* _REQUIREMENT_:
Each line from the one bearing "Options: Sharpening, cutting, scaring, threatening." through the last line of the entries below should be returned exactly, with pictures left out.

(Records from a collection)
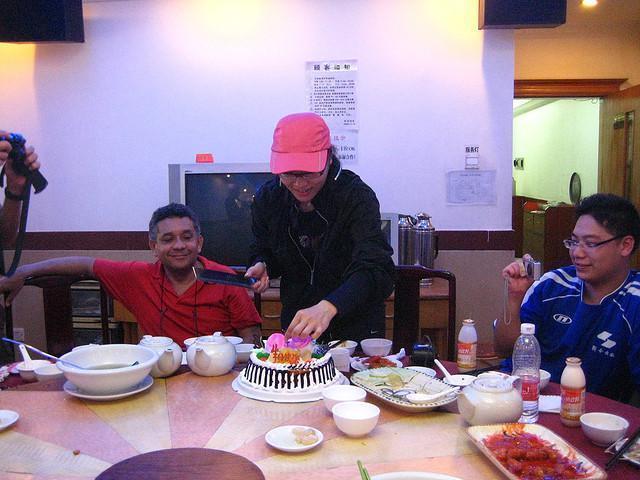What is the woman doing with the knife?
Answer the question by selecting the correct answer among the 4 following choices and explain your choice with a short sentence. The answer should be formatted with the following format: `Answer: choice
Rationale: rationale.`
Options: Sharpening, cutting, scaring, threatening. Answer: cutting.
Rationale: She has a sharp utensil in her hand that she is going to use to slice the cake. 
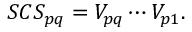<formula> <loc_0><loc_0><loc_500><loc_500>S C S _ { p q } = V _ { p q } \cdots V _ { p 1 } .</formula>

* _THE ANSWER_:
Options: Sharpening, cutting, scaring, threatening. Answer: cutting.
Rationale: She has a sharp utensil in her hand that she is going to use to slice the cake. 
<formula> <loc_0><loc_0><loc_500><loc_500>S C S _ { p q } = V _ { p q } \cdots V _ { p 1 } .</formula>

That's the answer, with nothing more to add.